Il y a quantité de questions qu'on ne peut que se poser sur le "plan" de Monsieur Sarkozy et cie.
Au moment où le parlement boucle le vote sans débat de 400 milliards de dépenses publiques supplémentaires, cela me semble urgent de se les poser :
- 1) Comment se fait-il que la crise bancaire qui ne devait pas toucher la France mais devait rester contenue au Etats-Unis, touche désormais la France ? Nous aurait-on menti ?
- 2) Comment se fait-il qu’on craigne aujourd’hui un « risque systémique » sur un système bancaire qui nous était présenté par les banquiers, Christine Lagarde et JJ Juncker comme « stable et solide » ?
- 3) Pourquoi, si le système était aussi solide que le prétendaient les banquiers, ne voulaient-ils pas se prêter mutuellement de l’argent ? En savaient-ils davantage sur leurs confrères que ce qu’ils voulaient bien dire ?
- 4) Alors que le premier ministre affirmait que l’Etat était en faillite, comment se fait-il que le gouvernement trouve en un dimanche après midi 360 milliards d’euros de caution et 40 milliards d’euros pour recapitaliser les banques ?
Les banquiers ont joué nos économies au casino. Sarkozy joue au poker en posant sur la table 360 milliards pour voir !
- 5) Comment a-t-on évalué les besoins de financement puisque visiblement aucun audit des actifs toxiques détenus par les banques françaises n’a été fait ? Pourquoi 360 milliards et 40 milliards et pas 200 et 20 ?

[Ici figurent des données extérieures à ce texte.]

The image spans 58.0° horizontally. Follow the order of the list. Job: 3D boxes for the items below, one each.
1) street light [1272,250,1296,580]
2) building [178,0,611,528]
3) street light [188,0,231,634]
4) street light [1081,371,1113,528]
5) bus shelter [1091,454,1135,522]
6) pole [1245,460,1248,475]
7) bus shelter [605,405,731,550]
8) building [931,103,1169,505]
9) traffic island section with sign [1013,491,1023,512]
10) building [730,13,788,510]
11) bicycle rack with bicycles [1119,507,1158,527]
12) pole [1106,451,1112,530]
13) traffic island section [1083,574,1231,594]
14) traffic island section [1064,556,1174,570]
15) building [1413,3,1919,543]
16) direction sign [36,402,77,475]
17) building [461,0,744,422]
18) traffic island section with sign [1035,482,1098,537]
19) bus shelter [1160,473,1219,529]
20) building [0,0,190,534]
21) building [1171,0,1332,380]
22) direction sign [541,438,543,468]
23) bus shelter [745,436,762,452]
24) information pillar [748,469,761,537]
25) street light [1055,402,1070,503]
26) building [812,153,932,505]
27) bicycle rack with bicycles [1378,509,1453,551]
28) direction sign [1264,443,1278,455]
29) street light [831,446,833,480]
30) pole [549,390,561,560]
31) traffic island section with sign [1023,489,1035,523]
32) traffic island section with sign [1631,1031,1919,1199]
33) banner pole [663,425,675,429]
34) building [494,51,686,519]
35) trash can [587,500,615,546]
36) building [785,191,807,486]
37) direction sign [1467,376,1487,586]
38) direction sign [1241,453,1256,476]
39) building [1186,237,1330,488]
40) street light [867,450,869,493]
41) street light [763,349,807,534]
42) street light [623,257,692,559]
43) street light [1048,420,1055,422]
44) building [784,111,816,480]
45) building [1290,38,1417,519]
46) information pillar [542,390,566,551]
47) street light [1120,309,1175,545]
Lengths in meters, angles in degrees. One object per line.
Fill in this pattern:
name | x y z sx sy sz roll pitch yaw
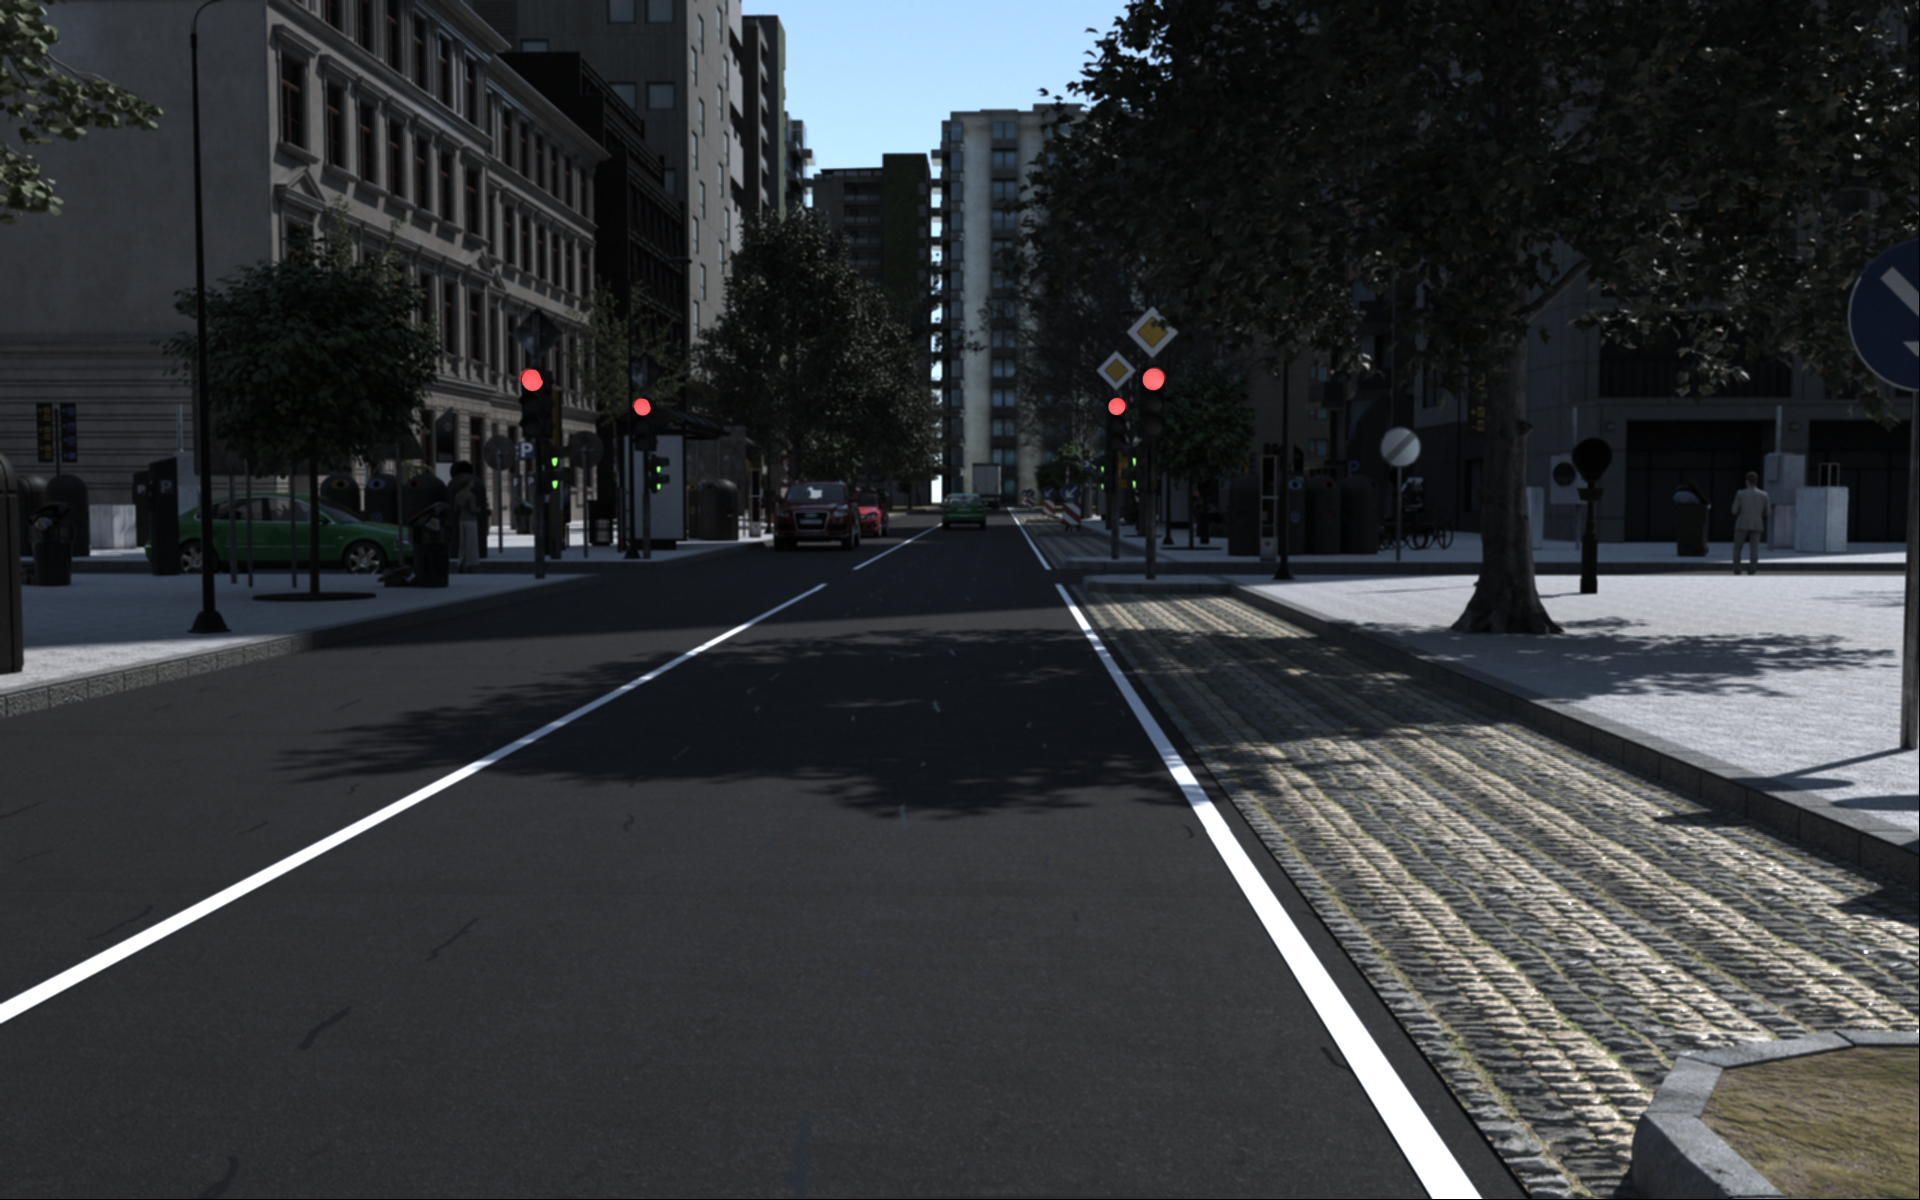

- 6) N’est-il pas paradoxal pour soigner une crise liée aux emprunts privés de créer un risque avec les emprunts publics ?
- 7) Le plan Sarkozy sert à épargner l’épargnant mais tue le contribuable ? N’est-il pas scandaleux de voir des économistes nous expliquer sereinement que l’Etat ne peut être en faillite puisqu’il lui suffit de lever l’impôt ! N’y a t-il a pas un seuil économique, psychologique ou moral au delà duquel un état ne peut plus aller en matière de prélèvements? Tout le monde ignore que la méthode d'Ancien Régime "un problème ? Un impot" ne fonctionne plus ? Et ce sur quoi elle peut déboucher : 1789, 1848, 1917, 1933, etc?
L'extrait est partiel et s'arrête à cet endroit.